INFORMATION SUPPLIED -
>>>

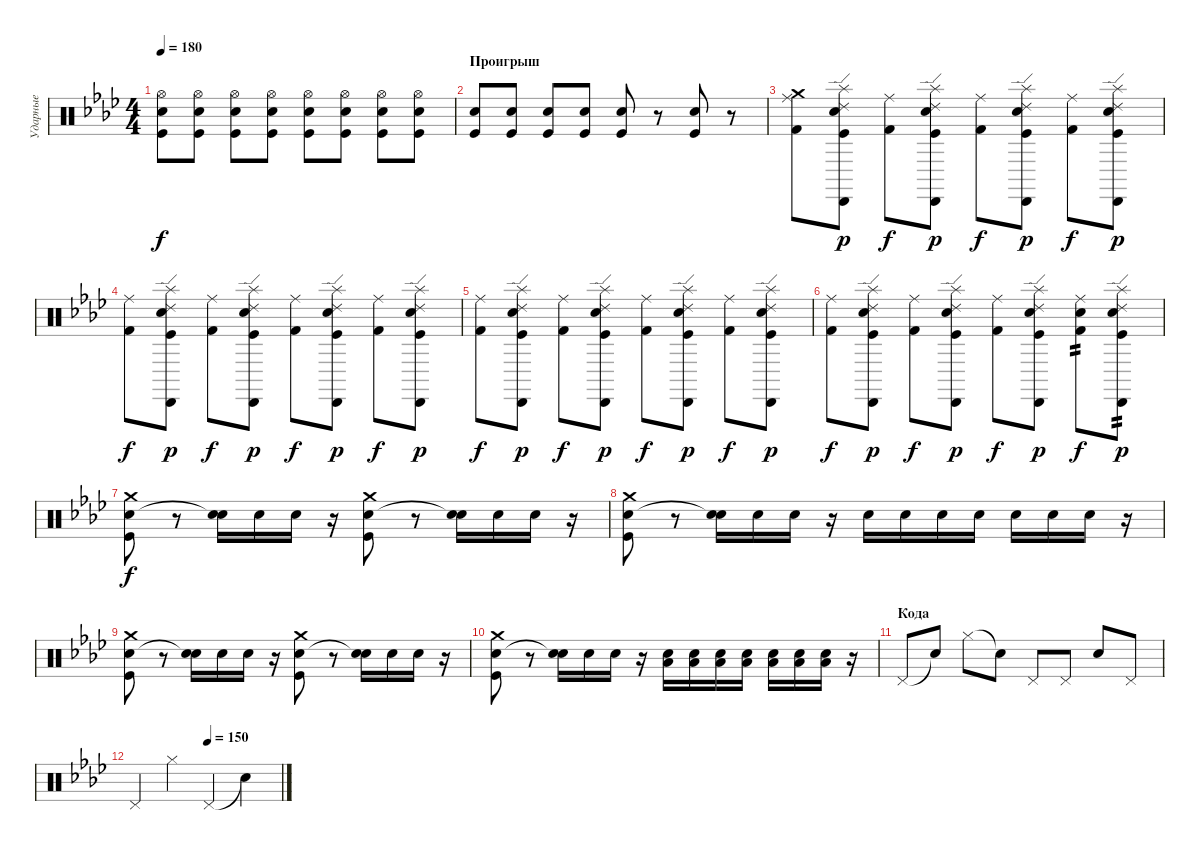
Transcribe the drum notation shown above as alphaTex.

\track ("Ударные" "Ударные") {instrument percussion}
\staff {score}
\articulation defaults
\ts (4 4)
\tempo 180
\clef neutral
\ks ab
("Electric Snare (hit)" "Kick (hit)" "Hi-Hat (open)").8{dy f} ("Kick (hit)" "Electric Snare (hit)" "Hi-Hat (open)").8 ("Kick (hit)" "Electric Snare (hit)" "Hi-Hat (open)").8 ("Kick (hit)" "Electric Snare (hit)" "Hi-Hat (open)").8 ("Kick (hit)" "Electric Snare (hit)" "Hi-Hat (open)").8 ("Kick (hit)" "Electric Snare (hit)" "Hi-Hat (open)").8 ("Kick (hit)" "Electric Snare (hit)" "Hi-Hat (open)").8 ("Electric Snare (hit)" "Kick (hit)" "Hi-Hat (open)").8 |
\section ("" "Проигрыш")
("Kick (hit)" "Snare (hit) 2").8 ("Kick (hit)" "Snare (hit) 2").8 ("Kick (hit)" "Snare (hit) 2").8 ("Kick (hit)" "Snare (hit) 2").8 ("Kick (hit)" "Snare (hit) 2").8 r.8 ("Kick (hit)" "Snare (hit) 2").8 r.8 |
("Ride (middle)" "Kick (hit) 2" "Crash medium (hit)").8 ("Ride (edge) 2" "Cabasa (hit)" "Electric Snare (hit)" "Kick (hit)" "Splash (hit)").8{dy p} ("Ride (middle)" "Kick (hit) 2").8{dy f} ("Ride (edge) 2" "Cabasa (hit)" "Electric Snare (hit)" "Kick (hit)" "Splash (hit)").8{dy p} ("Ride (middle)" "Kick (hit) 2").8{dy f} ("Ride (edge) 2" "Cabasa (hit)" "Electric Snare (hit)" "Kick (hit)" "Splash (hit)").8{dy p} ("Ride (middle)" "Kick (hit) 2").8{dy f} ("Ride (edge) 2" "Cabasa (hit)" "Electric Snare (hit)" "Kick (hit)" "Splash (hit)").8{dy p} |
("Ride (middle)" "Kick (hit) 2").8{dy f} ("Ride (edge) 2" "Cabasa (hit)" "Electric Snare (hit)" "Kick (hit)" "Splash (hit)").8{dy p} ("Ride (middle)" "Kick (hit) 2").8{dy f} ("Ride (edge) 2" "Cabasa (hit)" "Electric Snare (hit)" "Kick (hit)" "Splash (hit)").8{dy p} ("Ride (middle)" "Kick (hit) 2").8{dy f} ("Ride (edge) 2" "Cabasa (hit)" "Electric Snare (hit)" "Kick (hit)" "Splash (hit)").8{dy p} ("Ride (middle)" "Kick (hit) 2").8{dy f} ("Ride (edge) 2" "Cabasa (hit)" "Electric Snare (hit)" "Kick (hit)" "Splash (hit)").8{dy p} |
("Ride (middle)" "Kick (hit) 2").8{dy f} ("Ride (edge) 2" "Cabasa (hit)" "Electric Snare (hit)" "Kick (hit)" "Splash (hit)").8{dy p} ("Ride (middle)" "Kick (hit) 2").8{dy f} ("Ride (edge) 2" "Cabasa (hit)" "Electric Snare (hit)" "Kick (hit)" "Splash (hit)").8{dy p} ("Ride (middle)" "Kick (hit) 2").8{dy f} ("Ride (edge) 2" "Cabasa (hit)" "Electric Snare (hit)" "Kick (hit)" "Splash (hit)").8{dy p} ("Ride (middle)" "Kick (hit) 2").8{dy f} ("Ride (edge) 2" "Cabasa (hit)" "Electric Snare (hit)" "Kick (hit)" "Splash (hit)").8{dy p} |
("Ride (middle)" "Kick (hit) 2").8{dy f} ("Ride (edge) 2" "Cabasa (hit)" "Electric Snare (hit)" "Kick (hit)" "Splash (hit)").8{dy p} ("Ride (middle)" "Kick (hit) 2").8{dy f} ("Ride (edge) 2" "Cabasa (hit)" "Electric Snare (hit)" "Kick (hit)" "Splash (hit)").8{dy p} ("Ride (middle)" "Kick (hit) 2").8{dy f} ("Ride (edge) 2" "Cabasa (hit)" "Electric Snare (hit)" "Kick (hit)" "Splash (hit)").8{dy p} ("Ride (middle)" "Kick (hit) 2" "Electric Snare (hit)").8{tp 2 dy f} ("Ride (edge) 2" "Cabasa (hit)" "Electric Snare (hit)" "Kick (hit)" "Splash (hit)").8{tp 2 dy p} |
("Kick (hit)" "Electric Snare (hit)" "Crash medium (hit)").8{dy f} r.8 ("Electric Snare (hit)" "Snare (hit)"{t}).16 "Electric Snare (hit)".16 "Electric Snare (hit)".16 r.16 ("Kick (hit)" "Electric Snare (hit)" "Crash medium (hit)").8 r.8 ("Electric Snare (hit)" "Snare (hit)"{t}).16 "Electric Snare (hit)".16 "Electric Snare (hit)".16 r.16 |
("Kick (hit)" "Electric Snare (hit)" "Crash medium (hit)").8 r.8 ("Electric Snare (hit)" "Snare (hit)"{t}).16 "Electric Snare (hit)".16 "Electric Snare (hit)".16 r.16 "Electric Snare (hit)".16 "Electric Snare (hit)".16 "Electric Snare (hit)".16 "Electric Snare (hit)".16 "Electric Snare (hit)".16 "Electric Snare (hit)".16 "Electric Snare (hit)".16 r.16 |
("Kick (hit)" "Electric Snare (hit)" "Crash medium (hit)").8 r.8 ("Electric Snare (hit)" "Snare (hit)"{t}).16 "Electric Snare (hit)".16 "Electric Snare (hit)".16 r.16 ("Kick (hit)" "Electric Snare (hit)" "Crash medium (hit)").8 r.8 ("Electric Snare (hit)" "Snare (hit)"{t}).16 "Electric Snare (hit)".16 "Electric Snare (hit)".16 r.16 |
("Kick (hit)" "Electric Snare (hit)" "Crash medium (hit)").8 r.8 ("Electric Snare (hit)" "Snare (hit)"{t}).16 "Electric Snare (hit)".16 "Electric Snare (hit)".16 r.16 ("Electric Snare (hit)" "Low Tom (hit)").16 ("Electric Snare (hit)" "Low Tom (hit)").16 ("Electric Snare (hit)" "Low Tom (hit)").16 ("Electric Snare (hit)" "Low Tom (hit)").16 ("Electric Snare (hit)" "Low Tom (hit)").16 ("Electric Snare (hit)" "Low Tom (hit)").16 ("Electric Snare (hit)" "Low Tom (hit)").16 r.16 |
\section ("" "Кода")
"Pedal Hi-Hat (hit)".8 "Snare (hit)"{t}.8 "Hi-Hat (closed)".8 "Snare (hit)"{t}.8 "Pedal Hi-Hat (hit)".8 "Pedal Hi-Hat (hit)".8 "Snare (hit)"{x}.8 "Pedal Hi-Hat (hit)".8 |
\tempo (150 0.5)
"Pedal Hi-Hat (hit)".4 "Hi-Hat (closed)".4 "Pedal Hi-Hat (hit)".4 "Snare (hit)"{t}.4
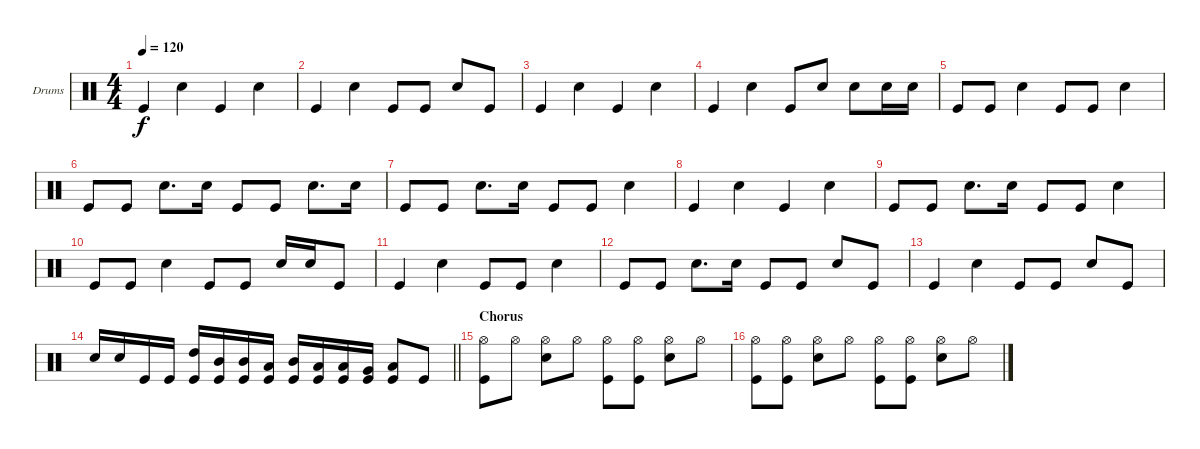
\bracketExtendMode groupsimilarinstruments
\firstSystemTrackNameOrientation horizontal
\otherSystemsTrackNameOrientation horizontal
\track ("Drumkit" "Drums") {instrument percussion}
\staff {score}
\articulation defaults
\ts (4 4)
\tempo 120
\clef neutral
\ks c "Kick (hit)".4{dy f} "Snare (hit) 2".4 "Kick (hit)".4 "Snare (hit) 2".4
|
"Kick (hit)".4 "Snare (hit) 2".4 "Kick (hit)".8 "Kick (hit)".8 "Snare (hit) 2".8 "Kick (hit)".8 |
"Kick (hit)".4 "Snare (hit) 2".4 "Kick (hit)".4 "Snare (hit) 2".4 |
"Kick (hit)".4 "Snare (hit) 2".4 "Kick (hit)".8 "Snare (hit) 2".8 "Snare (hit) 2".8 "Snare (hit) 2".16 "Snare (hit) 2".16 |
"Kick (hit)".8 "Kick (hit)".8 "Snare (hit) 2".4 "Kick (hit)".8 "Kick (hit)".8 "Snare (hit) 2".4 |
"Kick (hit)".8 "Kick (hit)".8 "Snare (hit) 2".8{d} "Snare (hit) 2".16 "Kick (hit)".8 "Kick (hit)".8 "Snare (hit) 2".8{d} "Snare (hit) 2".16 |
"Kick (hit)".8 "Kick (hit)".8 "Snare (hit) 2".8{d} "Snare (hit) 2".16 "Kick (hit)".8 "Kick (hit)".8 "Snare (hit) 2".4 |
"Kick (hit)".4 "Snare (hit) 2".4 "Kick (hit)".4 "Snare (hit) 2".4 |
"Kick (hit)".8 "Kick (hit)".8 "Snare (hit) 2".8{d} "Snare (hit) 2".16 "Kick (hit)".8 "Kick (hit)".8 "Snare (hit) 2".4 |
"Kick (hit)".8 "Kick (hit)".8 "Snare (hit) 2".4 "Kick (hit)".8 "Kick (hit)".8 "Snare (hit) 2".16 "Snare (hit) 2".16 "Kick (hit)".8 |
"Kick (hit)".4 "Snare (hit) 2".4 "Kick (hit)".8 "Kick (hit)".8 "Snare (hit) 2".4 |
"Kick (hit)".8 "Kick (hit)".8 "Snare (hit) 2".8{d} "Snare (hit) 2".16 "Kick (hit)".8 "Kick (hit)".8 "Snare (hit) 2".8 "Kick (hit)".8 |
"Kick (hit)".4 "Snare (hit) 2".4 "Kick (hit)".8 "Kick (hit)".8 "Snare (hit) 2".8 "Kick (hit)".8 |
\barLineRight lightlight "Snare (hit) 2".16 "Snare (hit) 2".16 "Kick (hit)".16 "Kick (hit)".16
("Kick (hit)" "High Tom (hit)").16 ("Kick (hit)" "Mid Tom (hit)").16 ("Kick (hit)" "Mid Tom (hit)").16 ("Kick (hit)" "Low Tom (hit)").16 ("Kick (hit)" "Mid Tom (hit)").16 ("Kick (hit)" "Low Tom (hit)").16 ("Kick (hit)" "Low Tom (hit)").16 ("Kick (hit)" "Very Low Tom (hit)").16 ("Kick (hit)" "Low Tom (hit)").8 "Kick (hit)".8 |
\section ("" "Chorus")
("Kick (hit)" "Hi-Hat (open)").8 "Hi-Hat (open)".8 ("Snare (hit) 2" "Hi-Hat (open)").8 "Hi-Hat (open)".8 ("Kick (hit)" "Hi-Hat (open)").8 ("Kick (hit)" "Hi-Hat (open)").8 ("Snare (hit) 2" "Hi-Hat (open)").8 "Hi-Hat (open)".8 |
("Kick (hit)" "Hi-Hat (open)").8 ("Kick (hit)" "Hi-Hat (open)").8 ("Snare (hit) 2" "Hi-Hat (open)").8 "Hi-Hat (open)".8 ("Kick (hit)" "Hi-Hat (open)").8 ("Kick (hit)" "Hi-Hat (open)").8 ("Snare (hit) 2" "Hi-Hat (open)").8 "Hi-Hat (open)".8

<<<

Please go line by line through the records above, copying each one that holds the string "closed".

TASK RESULT -
"Pedal Hi-Hat (hit)".8 "Snare (hit)"{t}.8 "Hi-Hat (closed)".8 "Snare (hit)"{t}.8 "Pedal Hi-Hat (hit)".8 "Pedal Hi-Hat (hit)".8 "Snare (hit)"{x}.8 "Pedal Hi-Hat (hit)".8 |
"Pedal Hi-Hat (hit)".4 "Hi-Hat (closed)".4 "Pedal Hi-Hat (hit)".4 "Snare (hit)"{t}.4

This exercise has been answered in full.